#### Task to carry out:
For the entries below, print exactly the lines between the line holding "18. rack shelf [795,438,874,536]" and the line holding "32. cardboard box [60,0,74,23]", inclusive, and nothing else.

Stored data:
══════════

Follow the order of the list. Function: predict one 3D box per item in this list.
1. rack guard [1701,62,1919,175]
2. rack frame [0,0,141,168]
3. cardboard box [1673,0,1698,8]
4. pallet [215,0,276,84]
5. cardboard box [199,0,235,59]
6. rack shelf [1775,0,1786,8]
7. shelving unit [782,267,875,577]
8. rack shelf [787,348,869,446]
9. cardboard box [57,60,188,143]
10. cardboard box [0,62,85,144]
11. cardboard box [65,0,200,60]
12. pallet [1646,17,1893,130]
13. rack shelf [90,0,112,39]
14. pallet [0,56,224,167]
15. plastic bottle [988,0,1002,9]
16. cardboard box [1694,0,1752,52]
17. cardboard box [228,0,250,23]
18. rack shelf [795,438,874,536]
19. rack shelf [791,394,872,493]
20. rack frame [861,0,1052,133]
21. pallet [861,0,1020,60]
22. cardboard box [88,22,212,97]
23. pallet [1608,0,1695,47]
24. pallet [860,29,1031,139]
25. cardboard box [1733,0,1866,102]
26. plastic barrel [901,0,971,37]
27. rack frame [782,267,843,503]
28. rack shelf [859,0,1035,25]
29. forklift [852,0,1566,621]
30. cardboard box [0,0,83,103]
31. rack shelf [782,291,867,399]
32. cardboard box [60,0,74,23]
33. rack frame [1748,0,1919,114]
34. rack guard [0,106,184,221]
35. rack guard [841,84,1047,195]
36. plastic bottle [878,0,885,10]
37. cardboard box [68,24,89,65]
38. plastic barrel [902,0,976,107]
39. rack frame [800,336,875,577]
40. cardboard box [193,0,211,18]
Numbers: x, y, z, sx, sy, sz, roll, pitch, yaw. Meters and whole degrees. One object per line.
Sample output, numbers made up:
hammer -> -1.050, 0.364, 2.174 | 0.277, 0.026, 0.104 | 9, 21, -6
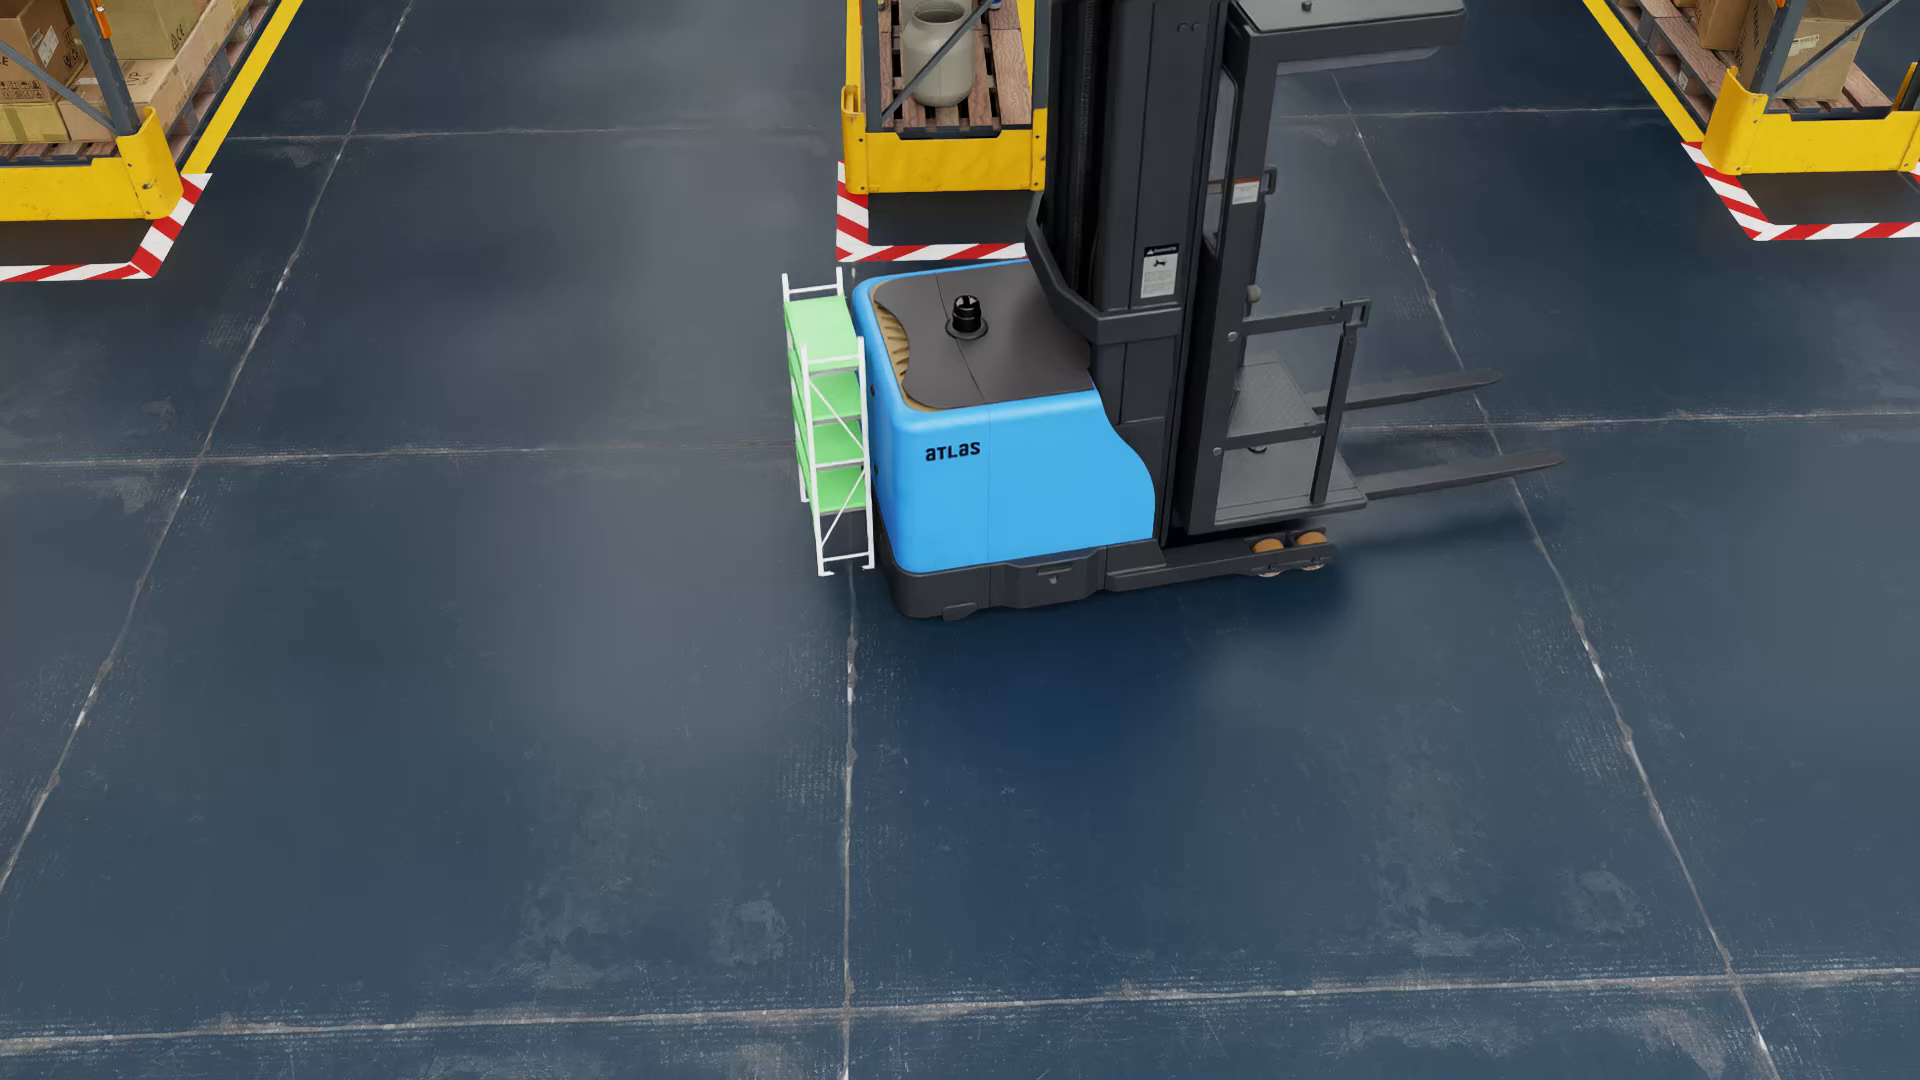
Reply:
rack guard -> 4.929, -2.408, 9.507 | 1.175, 0.500, 0.348 | -2, 43, -2
rack frame -> -4.965, -2.996, 8.299 | 1.000, 3.000, 0.127 | -2, 43, -2
cardboard box -> 4.855, -3.759, 10.670 | 0.500, 0.500, 0.500 | 2, 43, 2
pallet -> -5.088, -3.305, 10.699 | 1.003, 0.211, 1.213 | -2, 43, -2
cardboard box -> -4.812, -3.181, 10.224 | 0.500, 0.250, 0.500 | -2, 43, -2
rack shelf -> 4.847, -4.363, 10.322 | 1.077, 0.370, 4.000 | -2, 43, -2
shelving unit -> -0.538, -0.470, 6.875 | 0.258, 1.200, 0.503 | -9, 43, -9
rack shelf -> -0.538, -0.600, 6.756 | 0.258, 0.148, 0.480 | -9, 43, -9
cardboard box -> -4.766, -2.506, 9.488 | 0.500, 0.250, 0.500 | -2, 43, -2
cardboard box -> -5.283, -2.491, 9.472 | 0.500, 0.250, 0.500 | -2, 43, -2
cardboard box -> -4.789, -3.120, 9.603 | 0.500, 0.500, 0.500 | -2, 43, -2
pallet -> 4.930, -2.851, 10.204 | 1.003, 0.211, 1.213 | -2, 43, -2
rack shelf -> -5.050, -4.081, 10.015 | 1.077, 0.370, 4.000 | -2, 43, -2
pallet -> -5.040, -2.483, 9.803 | 1.003, 0.211, 1.213 | -2, 43, -2
plastic bottle -> 0.218, -3.525, 10.569 | 0.097, 0.271, 0.097 | 0, 43, 0
cardboard box -> 4.863, -3.336, 10.208 | 0.500, 0.500, 0.500 | 9, 43, 9
cardboard box -> -4.828, -3.518, 10.593 | 0.500, 0.250, 0.500 | -2, 43, -2
rack shelf -> -0.538, -0.246, 7.080 | 0.258, 0.148, 0.480 | -9, 43, -9
rack shelf -> -0.538, -0.423, 6.918 | 0.258, 0.148, 0.480 | -9, 43, -9
rack frame -> -0.016, -3.136, 8.451 | 1.000, 3.000, 0.127 | -2, 43, -2
pallet -> -0.145, -3.528, 10.943 | 1.003, 0.211, 1.213 | -2, 43, -2
cardboard box -> -4.791, -2.843, 9.856 | 0.500, 0.250, 0.500 | -2, 43, -2
pallet -> 4.881, -3.672, 11.100 | 1.003, 0.211, 1.213 | -2, 43, -2
pallet -> -0.096, -2.706, 10.046 | 1.003, 0.211, 1.213 | -2, 43, -2
cardboard box -> 4.922, -2.933, 9.769 | 0.500, 0.500, 0.500 | 6, 43, 6
plastic barrel -> -0.142, -3.154, 10.001 | 0.421, 0.512, 0.421 | 0, 43, 0
rack frame -> -0.592, -0.631, 7.050 | 0.240, 1.200, 0.015 | -9, 43, -9
rack shelf -> -0.101, -4.221, 10.167 | 1.077, 0.370, 4.000 | -2, 43, -2
forklift -> 1.115, -1.264, 6.459 | 3.031, 2.935, 1.130 | -9, 43, -9
cardboard box -> -5.285, -2.767, 9.218 | 0.500, 0.500, 0.500 | -2, 43, -2
rack shelf -> -0.539, -0.777, 6.594 | 0.258, 0.148, 0.480 | -9, 43, -9
cardboard box -> -5.343, -3.442, 9.954 | 0.500, 0.500, 0.500 | -2, 43, -2
rack frame -> 4.932, -3.278, 8.606 | 1.000, 3.000, 0.127 | -2, 43, -2
rack guard -> -4.964, -2.058, 9.126 | 1.175, 0.500, 0.348 | -2, 43, -2
rack guard -> -0.067, -2.264, 9.350 | 1.175, 0.500, 0.348 | -2, 43, -2
plastic bottle -> -0.532, -3.494, 10.587 | 0.097, 0.201, 0.097 | 0, 43, 0
cardboard box -> -5.317, -2.828, 9.839 | 0.500, 0.250, 0.500 | -2, 43, -2
plastic barrel -> -0.121, -2.815, 9.632 | 0.421, 0.512, 0.421 | 0, 43, 0
rack frame -> -0.485, -0.309, 6.699 | 0.240, 1.200, 0.015 | -9, 43, -9
cardboard box -> -4.823, -3.457, 9.970 | 0.500, 0.500, 0.500 | -2, 43, -2

══════════

#### Answer space:
18. rack shelf [795,438,874,536]
19. rack shelf [791,394,872,493]
20. rack frame [861,0,1052,133]
21. pallet [861,0,1020,60]
22. cardboard box [88,22,212,97]
23. pallet [1608,0,1695,47]
24. pallet [860,29,1031,139]
25. cardboard box [1733,0,1866,102]
26. plastic barrel [901,0,971,37]
27. rack frame [782,267,843,503]
28. rack shelf [859,0,1035,25]
29. forklift [852,0,1566,621]
30. cardboard box [0,0,83,103]
31. rack shelf [782,291,867,399]
32. cardboard box [60,0,74,23]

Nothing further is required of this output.